I bought a UNAS-2 (and a couple of 12 TB IronWolf Pro drives) a few months ago when the "time capsule will not be supported in a future version of macOS" warning first appeared. It has been outstanding alongside the rest of my UniFi setup, and perfectly supports Time Machine backups. The UniFi Identity macOS app means my family's computers always stay authenticated/connected and my wife & kids don't have to do anything to make Time Machine just work.
If you're a power user who loves the Apple aesthetic and you already have a UniFi setup at home, you'll feel right at home switching from Time Capsule to a UNAS.
Also why the 12TB ironwolf drives specifically ? Personally I always was a fan of buying true enterprise (the ones designed for "online" or near line storage) but sometimes specific models and sizes of random drives do very well in Backblaze testing
TFA:
> Apple made SMB its primary file-sharing protocol in OS X 10.9 Mavericks, over 12 years ago, and has repeatedly told us that support for its predecessor AFP will be removed in the future.

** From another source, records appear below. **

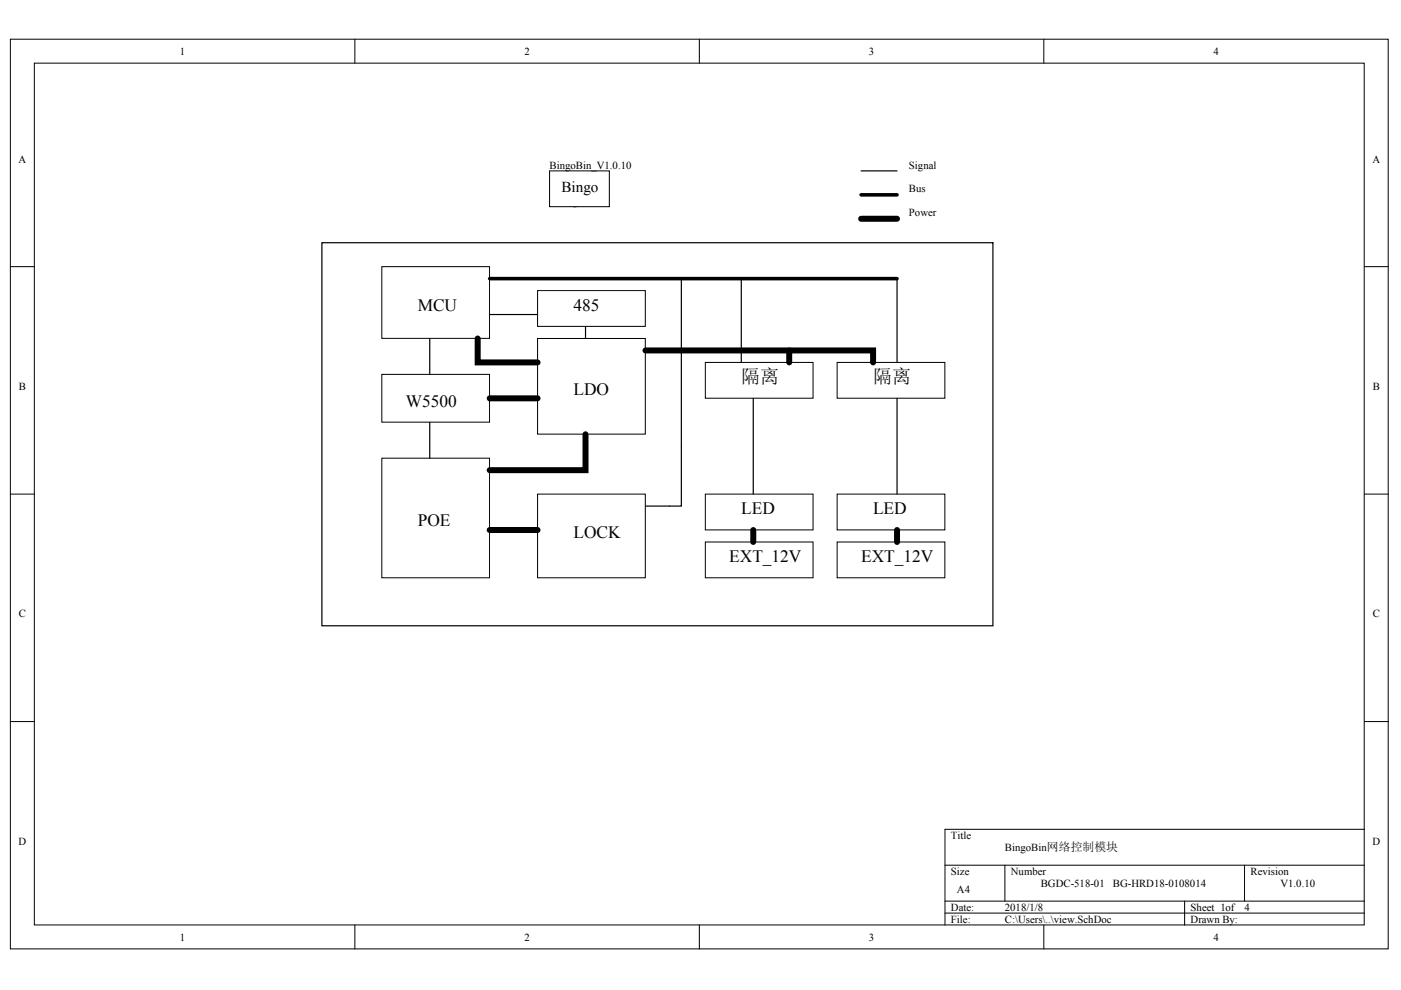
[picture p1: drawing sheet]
<svg xmlns="http://www.w3.org/2000/svg" width="297mm" height="210mm" viewBox="0 0 297 210" stroke-linecap="round" stroke-linejoin="round" font-family="sans-serif">
<defs><g id="words">
<g font-size="4">
<text x="157.2" y="81.1">隔离</text>
<text x="185.1" y="81.1">隔离</text>
</g>
<g font-size="3.7">
<text x="88.6" y="65.9">MCU</text>
<text x="121.6" y="65.9">485</text>
<text x="121.6" y="83.7">LDO</text>
<text x="86" y="86.2">W5500</text>
<text x="88.6" y="111.6">POE</text>
<text x="157.2" y="109.1">LED</text>
<text x="185.1" y="109.1">LED</text>
<text x="121.6" y="114.1">LOCK</text>
<text x="154.6" y="119.2">EXT_12V</text>
<text x="182.6" y="119.2">EXT_12V</text>
</g>
<g font-size="3.2">
<text x="119.1" y="40.6">Bingo</text>
<text x="116.5" y="43.2">Bingo</text>
</g>
<g font-size="2.3">
<text x="38.1" y="11.6">1</text>
<text x="111.2" y="11.6">2</text>
<text x="184.2" y="11.6">3</text>
<text x="257.3" y="11.6">4</text>
<text x="3.9" y="34.5">A</text>
<text x="116.5" y="35.7">BingoBin_V1.0.10</text>
<text x="192.7" y="35.7">Signal</text>
<text x="291" y="34.5">A</text>
<text x="192.7" y="40.8">Bus</text>
<text x="192.7" y="45.9">Power</text>
<text x="4" y="82.7">B</text>
<text x="291" y="82.7">B</text>
<text x="4" y="130.9">C</text>
<text x="291" y="130.9">C</text>
<text x="3.9" y="179.1">D</text>
<text x="201.6" y="177.9">Title</text>
<text x="291" y="179.1">D</text>
<text x="201.6" y="185.5">Size</text>
<text x="213.1" y="180.4">BingoBin网络控制模块</text>
<text x="214.3" y="185.5">Number</text>
<text x="265.1" y="185.5">Revision</text>
<text x="202.9" y="189.3">A4</text>
<text x="220.7" y="188">BGDC-518-01</text>
<text x="235.9" y="188">BG-HRD18-0108014</text>
<text x="271.5" y="188">V1.0.10</text>
<text x="201.6" y="193.1">Date:</text>
<text x="201.6" y="195.6">File:</text>
<text x="213.1" y="193.1">2018/1/8</text>
<text x="213.1" y="195.6">C:\Users\..\view.SchDoc</text>
<text x="252.4" y="193.1">Sheet 1of</text>
<text x="252.4" y="195.6">Drawn By:</text>
<text x="263.9" y="193.1">4</text>
<text x="38.1" y="199.4">1</text>
<text x="111.2" y="199.4">2</text>
<text x="184.2" y="199.4">3</text>
<text x="257.3" y="199.4">4</text>
</g>
</g></defs>
<g fill="#fff" stroke="#000" stroke-width=".21">
<path d="M2.2 8.3h292.1v192.9h-292.1z"/>
<path d="M7.3 13.4h281.9v182.7h-281.9z"/>
</g>
<g fill="none" stroke="#000" stroke-width=".21">
<path d="M75.2 8.3v5.1M148.3 8.3v5.1M221.3 8.3v5.1M2.2 56.5h5.1M289.3 56.5h5.1M2.2 104.8h5.1M289.3 104.8h5.1M2.2 153h5.1M289.3 153h5.1M289.3 175.8h-88.9v20.3M75.2 196.1v5.1M148.3 196.1v5.1"/>
<path d="M200.4 183.4h88.9M200.4 191.1h88.9M200.4 193.6h88.9M213.1 183.4v7.7M221.3 196.1v5.1M251.2 191.1v5M263.9 183.4v7.7"/>
</g>
<g fill="#fff" stroke="#000" stroke-width=".21">
<path d="M81 97.1h22.8v25.4h-22.8z"/>
<path d="M114 71.8h22.8v20.2h-22.8z"/>
<path d="M114 104.8h22.8v17.7h-22.8z"/>
<path d="M149.5 114.9h22.9v7.6h-22.9z"/>
<path d="M177.5 104.8h22.8v7.6h-22.8z"/>
<path d="M81 56.5h22.8v15.2h-22.8z"/>
<path d="M81 79.4h22.8v10.1h-22.8z"/>
<path d="M177.5 114.9h22.8v7.6h-22.8z"/>
<path d="M149.5 104.8h22.9v7.6h-22.9z"/>
<path d="M114 61.6h22.8v7.6h-22.8z"/>
<path d="M177.5 76.8h22.8v7.6h-22.8z"/>
<path d="M149.5 76.8h22.9v7.6h-22.9z"/>
</g>
<path d="M182.6 36.2h7.6M68.3 51.5h142.2v81.2h-142.2zM144.5 59.1v48.2h-7.7M157.2 59.1v17.7M190.2 59.1v17.7M91.1 71.8v7.6M103.8 66.7h10.2M124.1 69.2v2.6M91.1 89.5v7.6M159.7 84.5v20.3M190.2 84.5v20.3" fill="none" stroke="#000" stroke-width=".25"/>
<path d="M182.6 46.4h7.6M101.3 71.8v5h12.7M136.8 74.3h48.3v2.5M167.3 74.3v2.5M103.8 84.5h10.2M124.1 92.1v7.6h-20.3M103.8 112.4h10.2M159.7 112.4v2.5M190.2 112.4v2.5" fill="none" stroke="#000" stroke-width="1.3"/>
<path d="M103.8 59.1h86.4M182.6 41.3h7.6" fill="none" stroke="#000" stroke-width=".76"/>
<path d="M116.5 36.2h12.7v7.6h-12.7z" fill="#fff" stroke="#000" stroke-width=".21"/>
<use href="#words"/>
</svg>

They aren’t deprecating Time Machine. The old protocol is being removed.
The old protocol hasn’t worked well for a long time, at least in my experience
And then I went to Acronis True Image backing up to my Synology NAS, but that became unreliable too - oftentimes when I'd go to do a restore, the client would crash trying to read the catalog.
So, like you... CCC nightly to my Synology, with a Snapshot rotation on it - snapshot the previous night's backup at 8pm, and then kick off that night's backup at 11pm.
The "new computer" out of box account creation and first sign in experience on both Windows 11 and MacOS are clearly designed to drive end users towards perpetual for life monthly recurring subscriptions for (Microsoft 365 Personal, OneDrive, iCloud storage, etc).
Imagine the difficulty for the ordinary non technical person (absolutely not a stereotypical HN reader) ever being able to stop paying for iCloud when they have 600GB+ of their family photos and videos and stuff backed up to it.
I was shocked years ago that the mac, famous for its early network peer discovery and zeroconf and all, couldn't present a list of SMB servers and shares despite that kind of function being around forever on every other platform in existence.